Forced photometry refers to the process of fitting for a source at a specific location in an image regardless of whether the source has been detected in that image. This is useful when objects are not detected in all bands (e.g., drop outs) or observations (e.g., transient or variable objects). The forcedSourceTable contains forced photometry performed on the individual PVIs at the locations of all detected objects and linked to the objectTable. In contrast, the forcedSourceOnDiaObjectTable contains forced photometry on the individual PVIs at the locations of all objects in the diaObjectTable. Note that the tables returned by these butler queries are quite large and can fill up the memory available to your notebook.

More information on the columns of the forcedSourceTable can be found here, and the columns of the forcedSourceOnDiaObjectTable are similar.

Warning: forcedSourceTable takes dataIds comprised of tract and patch only, which returns too many sources for a Jupyter Notebook with a small or medium container.

Instead of forcedSourceTable, it is recommended to use forcedSource (which takes dataIds comprised of e.g., band, instrument, detector, and visit) and to apply spatial and temporal constraints whenever applicable. This is considered intermediate-level use of the Butler, and so is demonstrated in DP0.2 tutorial notebook 04b.

Only uncomment and execute the three cells below if you are using a large container.

In [28]:
# datasetType = 'forcedSourceTable'
# dataId = {'tract': 4431, 'patch': 16, 'band':'i'}
# forced_src = butler.get(datasetType, dataId=dataId)
# print(f"Retrieved catalog of {len(forced_src)} forced sources.")
In [29]:
# forced_src
In [30]:
# del forced_src
# gc.collect()

Query the forcedSourceOnDiaObjectTable. This will execute with a medium container.

In [31]:
datasetType = 'forcedSourceOnDiaObjectTable'
dataId = {'tract': 4431, 'patch': 16}
dia_forced_src = butler.get(datasetType, dataId=dataId)
print(f"Retrieved catalog of {len(dia_forced_src)} DIA forced sources.")
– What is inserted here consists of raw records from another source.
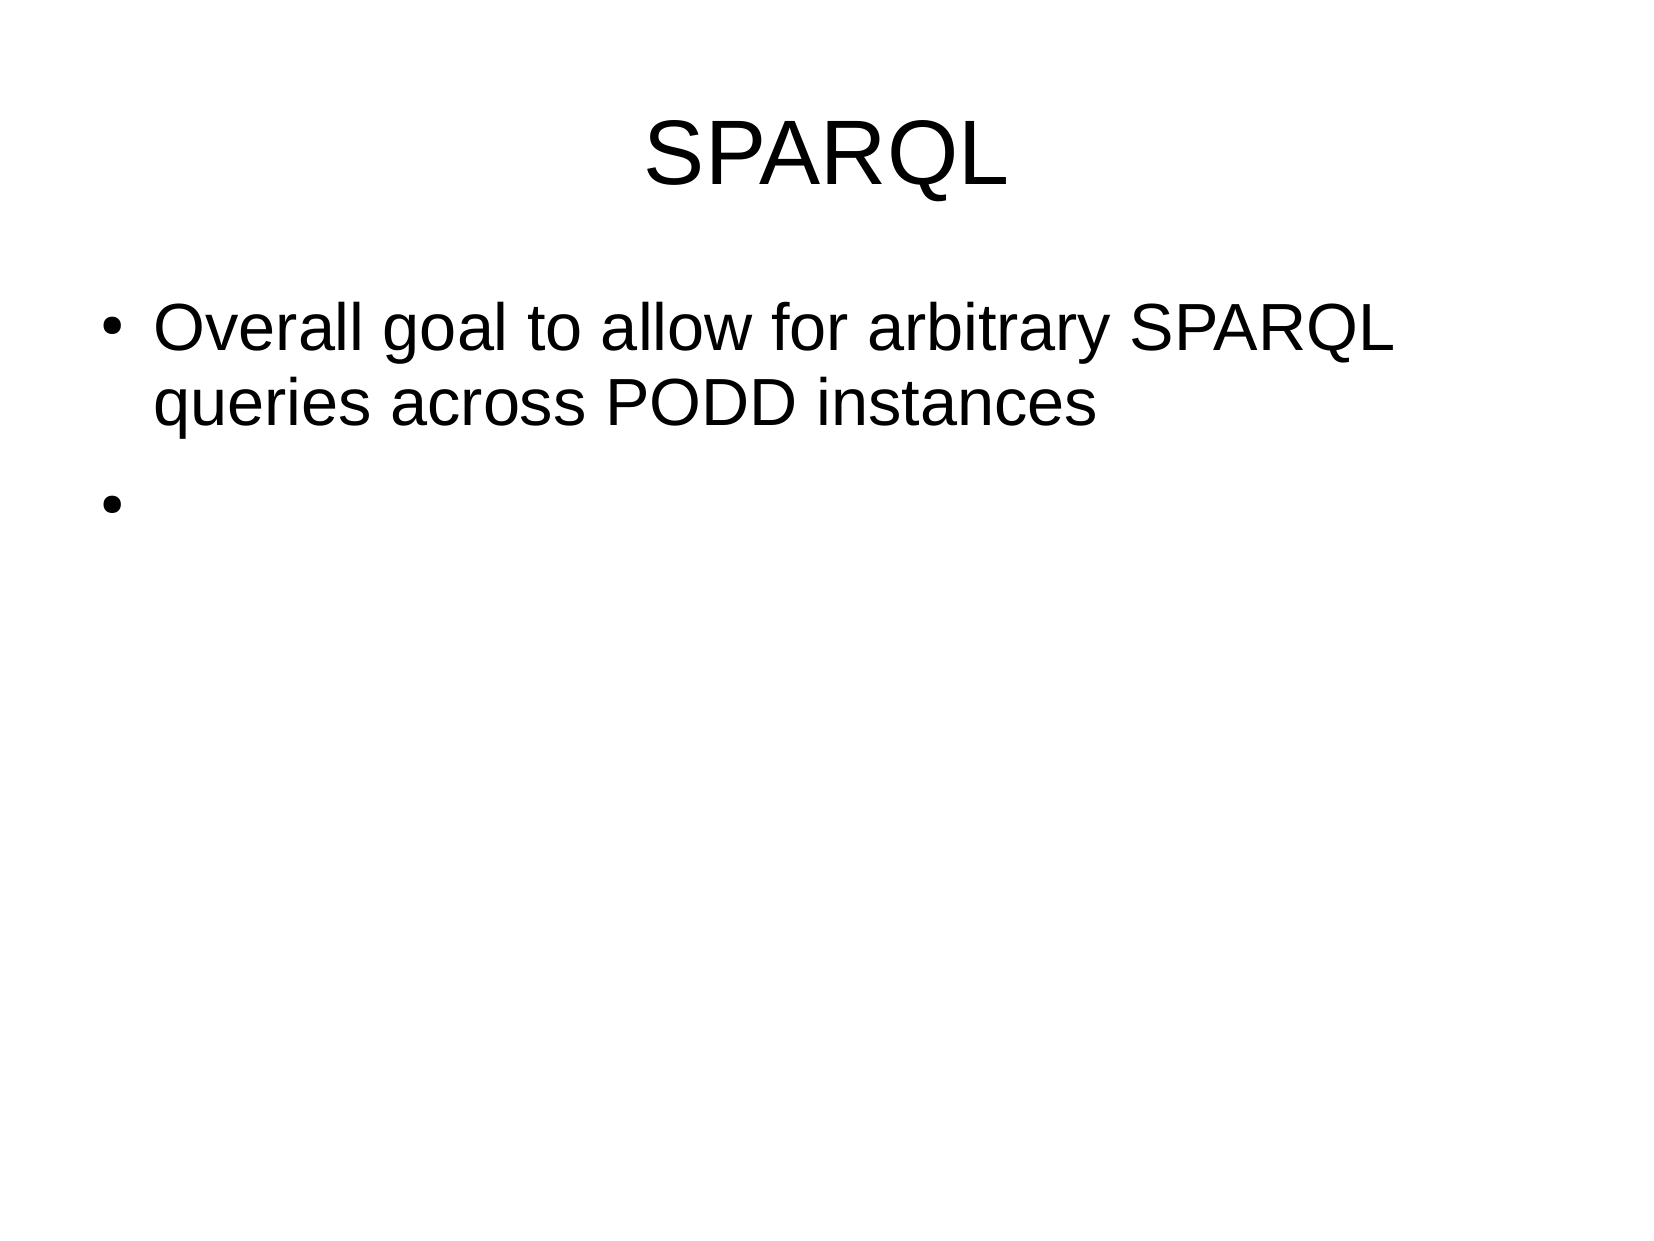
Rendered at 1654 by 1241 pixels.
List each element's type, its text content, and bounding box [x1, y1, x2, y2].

title SPARQL [82, 49, 1571, 257]
list Overall goal to allow for arbitrary SPARQL queries across PODD instances [82, 290, 1571, 1010]
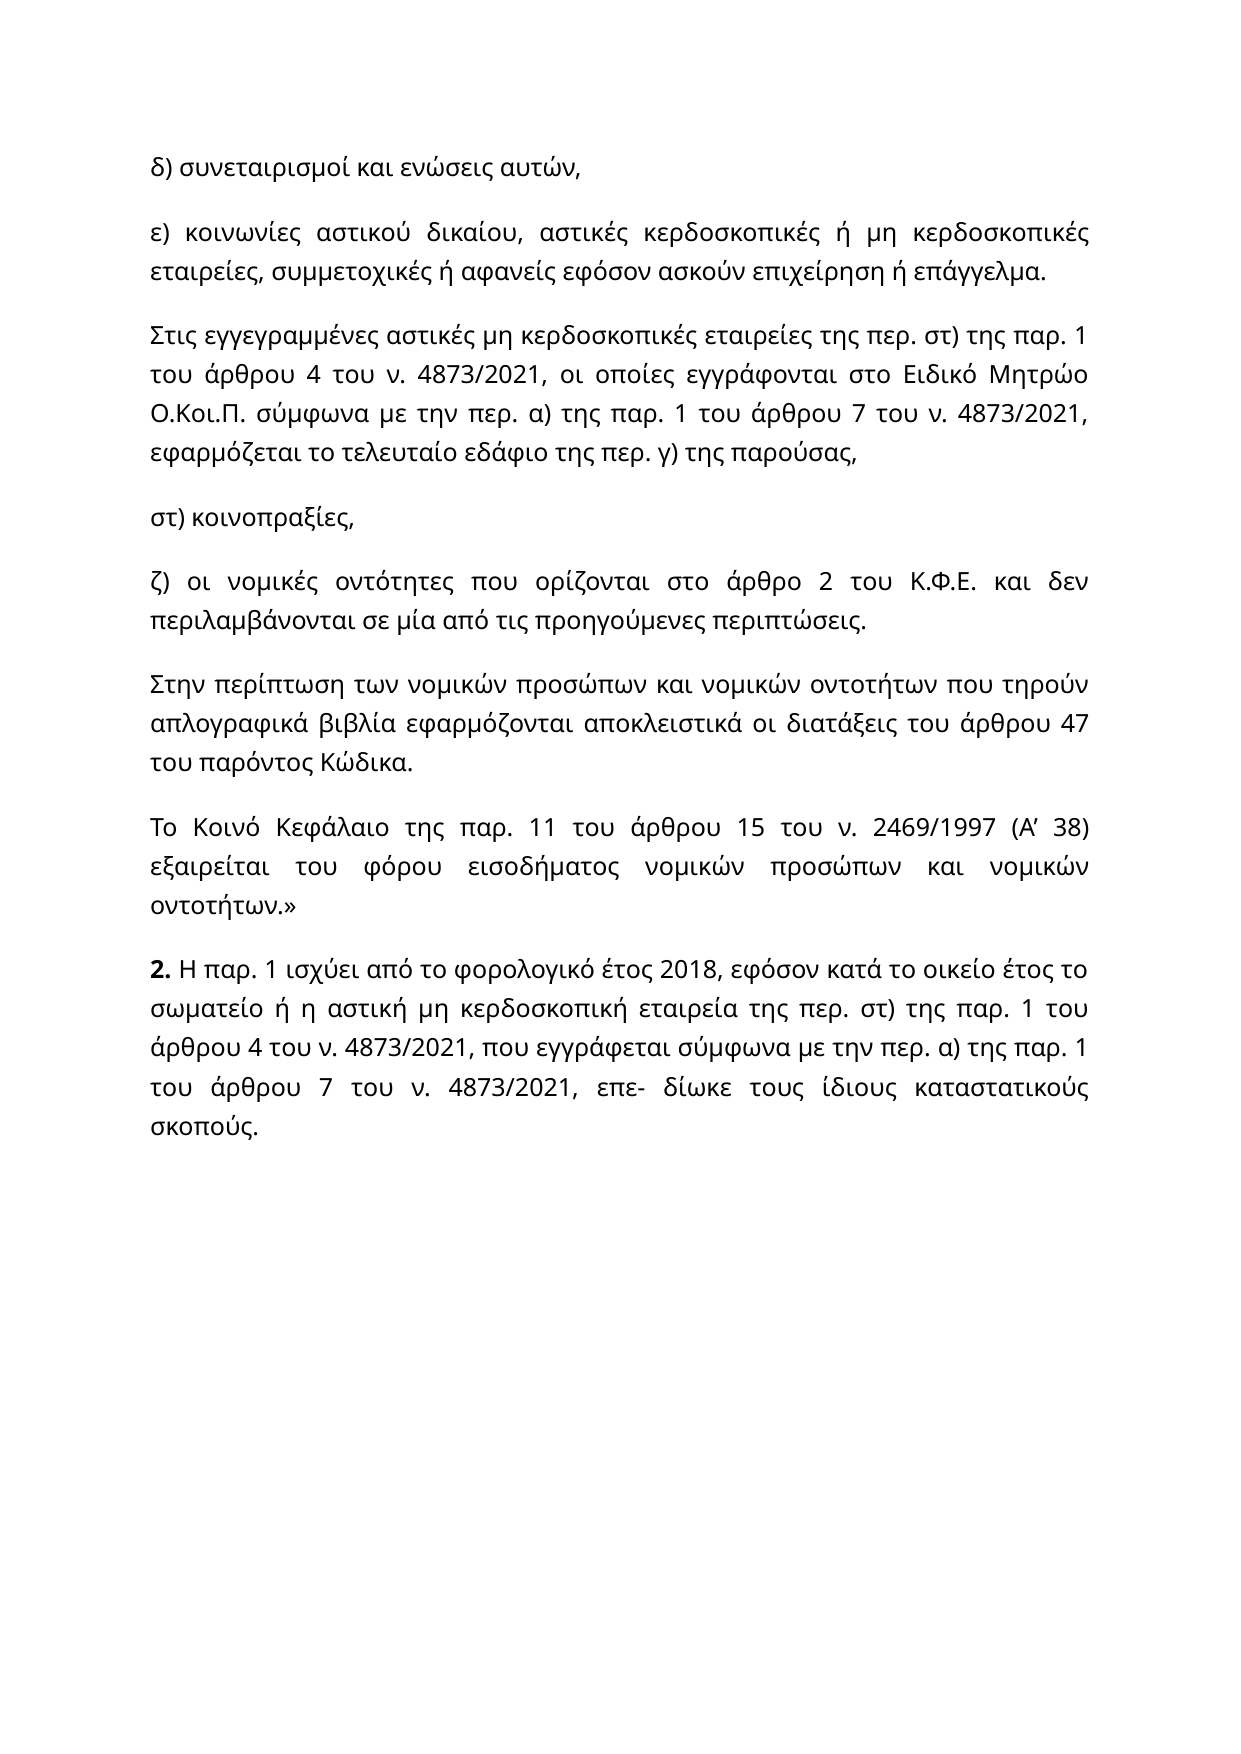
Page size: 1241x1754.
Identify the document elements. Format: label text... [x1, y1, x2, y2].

text στ) κοινοπραξίες, [150, 499, 1090, 533]
text δ) συνεταιρισμοί και ενώσεις αυτών, [150, 150, 1090, 184]
text Το Κοινό Κεφάλαιο της παρ. 11 του άρθρου 15 του ν. 2469/1997 (Α’ 38) εξαιρείται του φόρου εισοδήματος νομικών προσώπων και νομικών οντοτήτων.» [150, 809, 1090, 922]
text ζ) οι νομικές οντότητες που ορίζονται στο άρθρο 2 του Κ.Φ.Ε. και δεν περιλαμβάνονται σε μία από τις προηγούμενες περιπτώσεις. [150, 563, 1090, 637]
text Στην περίπτωση των νομικών προσώπων και νομικών οντοτήτων που τηρούν απλογραφικά βιβλία εφαρμόζονται αποκλειστικά οι διατάξεις του άρθρου 47 του παρόντος Κώδικα. [150, 667, 1090, 779]
text 2. Η παρ. 1 ισχύει από το φορολογικό έτος 2018, εφόσον κατά το οικείο έτος το σωματείο ή η αστική μη κερδοσκοπική εταιρεία της περ. στ) της παρ. 1 του άρθρου 4 του ν. 4873/2021, που εγγράφεται σύμφωνα με την περ. α) της παρ. 1 του άρθρου 7 του ν. 4873/2021, επε- δίωκε τους ίδιους καταστατικούς σκοπούς. [150, 952, 1090, 1142]
text Στις εγγεγραμμένες αστικές μη κερδοσκοπικές εταιρείες της περ. στ) της παρ. 1 του άρθρου 4 του ν. 4873/2021, οι οποίες εγγράφονται στο Ειδικό Μητρώο Ο.Κοι.Π. σύμφωνα με την περ. α) της παρ. 1 του άρθρου 7 του ν. 4873/2021, εφαρμόζεται το τελευταίο εδάφιο της περ. γ) της παρούσας, [150, 317, 1090, 469]
text ε) κοινωνίες αστικού δικαίου, αστικές κερδοσκοπικές ή μη κερδοσκοπικές εταιρείες, συμμετοχικές ή αφανείς εφόσον ασκούν επιχείρηση ή επάγγελμα. [150, 214, 1090, 287]
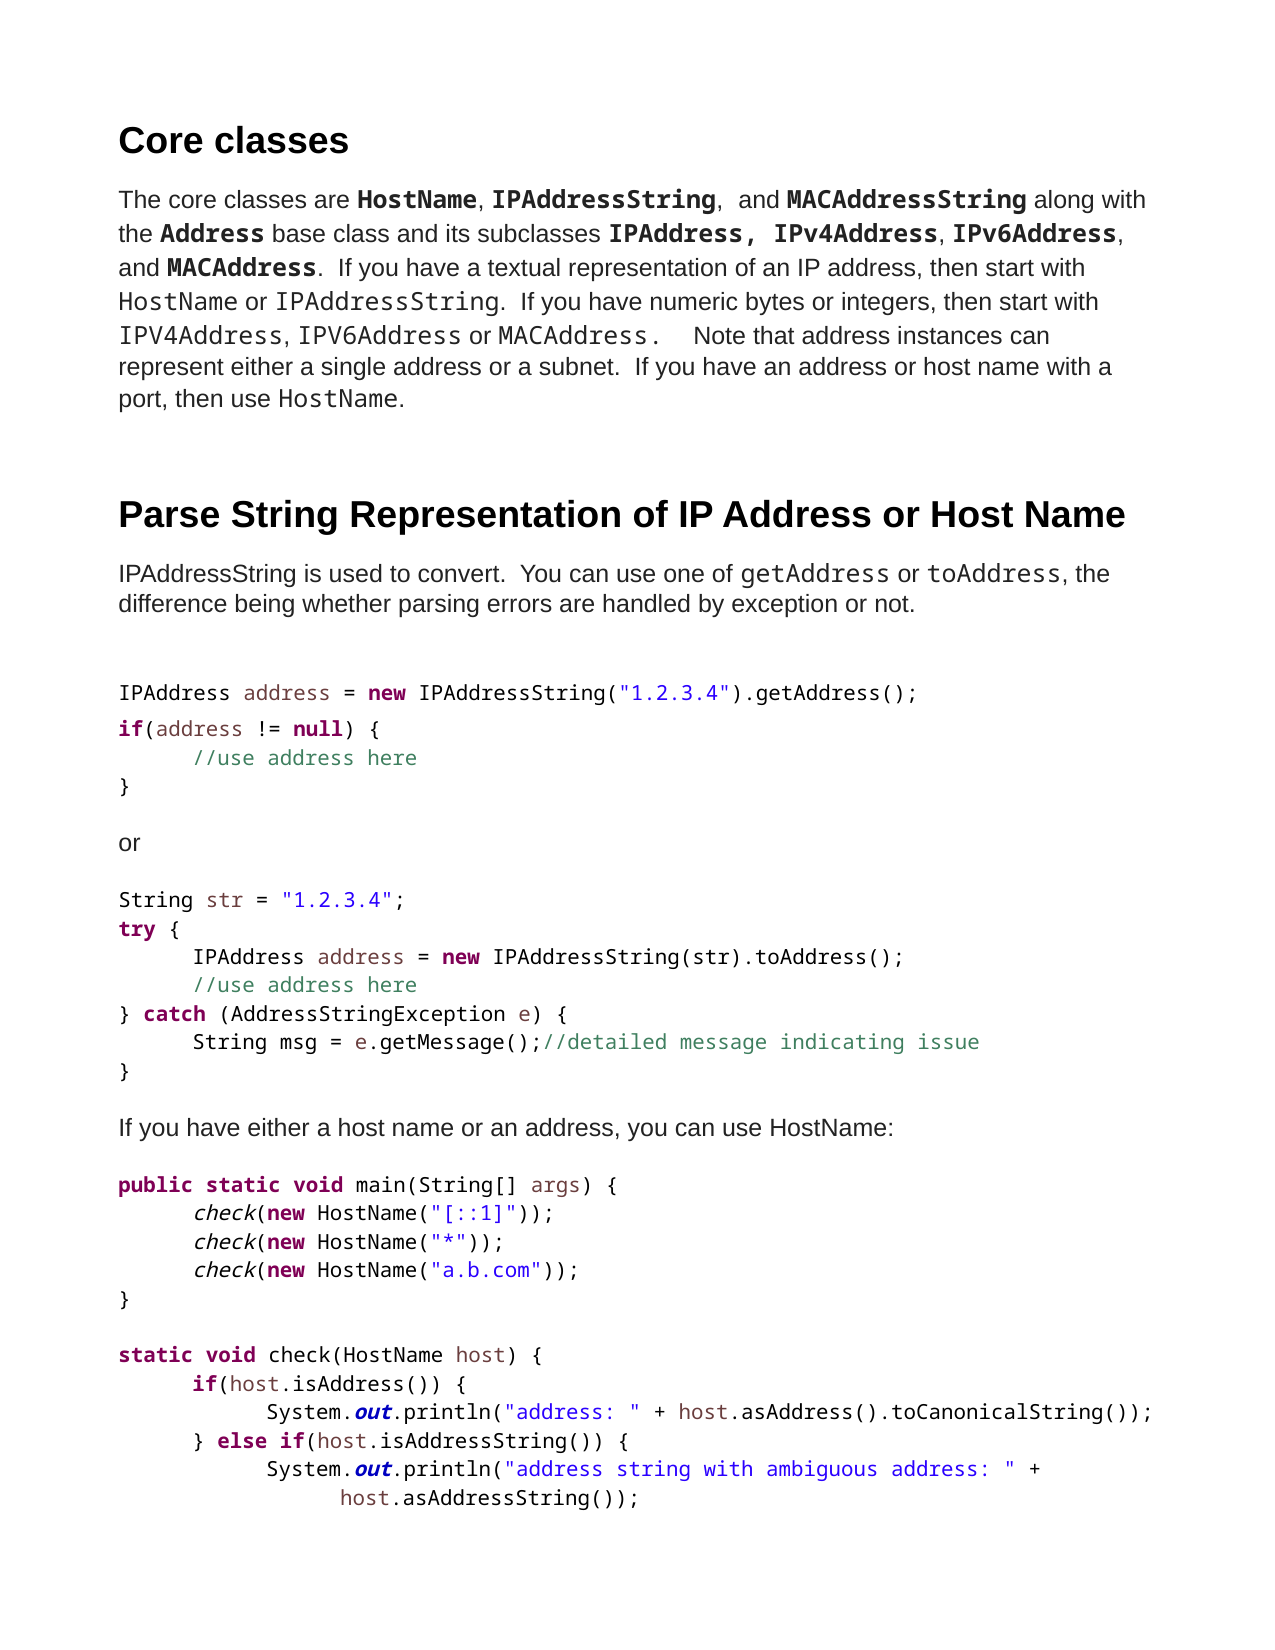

Retrieved catalog of 2097144 DIA forced sources.
In [32]:
dia_forced_src
Out[32]:
diaObjectId parentObjectId coord_ra coord_dec ccdVisitId band psfFlux psfFluxErr psfFlux_flag psfDiffFlux ... pixelFlags_cr pixelFlags_bad pixelFlags_suspect pixelFlags_interpolatedCenter pixelFlags_saturatedCenter pixelFlags_crCenter pixelFlags_suspectCenter skymap tract patch
forcedSourceOnDiaObjectId
340230178712071314 1909939658377134081 0 55.790364 -32.270040 633728092 g NaN NaN False NaN ... False False False False False False False DC2 4431 16
340230178712071315 1909939658377134082 0 55.792233 -32.292355 633728092 g NaN NaN False NaN ... False False False True True False False DC2 4431 16
340230178712071316 1909939658377134083 0 55.809149 -32.316398 633728092 g NaN NaN False NaN ... False False False True True False False DC2 4431 16
340230178712071317 1909939658377134108 0 55.791854 -32.291598 633728092 g NaN NaN False NaN ... False False False False False False False DC2 4431 16
340230178712071318 1909939658377134119 0 55.809368 -32.316248 633728092 g NaN NaN False NaN ... False False False True True False False DC2 4431 16
... ... ... ... ... ... ... ... ... ... ... ... ... ... ... ... ... ... ... ... ... ...
348223638446538939 1909939658377138596 0 55.828977 -32.113390 648617071 z NaN NaN False NaN ... False False False False False False False DC2 4431 16
348223638446538940 1909939658377138602 0 55.786140 -32.095704 648617071 z NaN NaN False NaN ... False False False False False False False DC2 4431 16
348223638446538941 1909939658377138673 0 55.830825 -32.123568 648617071 z NaN NaN False NaN ... False False False False False False False DC2 4431 16
348223638446538942 1909939658377138683 0 55.817763 -32.095889 648617071 z NaN NaN False NaN ... False False False False False False False DC2 4431 16
348223638446538943 1909939658377138715 0 55.793946 -32.123654 648617071 z NaN NaN False NaN ... False False False False False False False DC2 4431 16

2097144 rows × 35 columns

In [33]:
del dia_forced_src
gc.collect()
Out[33]:
366

5. Summary¶

In this notebook we demonstrated Butler access for a set of image and catalog data products described in the DPDD for DP0.2. However, we have not demonstrated the powerful capability of the Butler to query the holdings of a data repository. The full power of the Butler can be found in the Butler documentation, or in DP0.2 tutorial notebook 04b "Intermediate Butler Queries".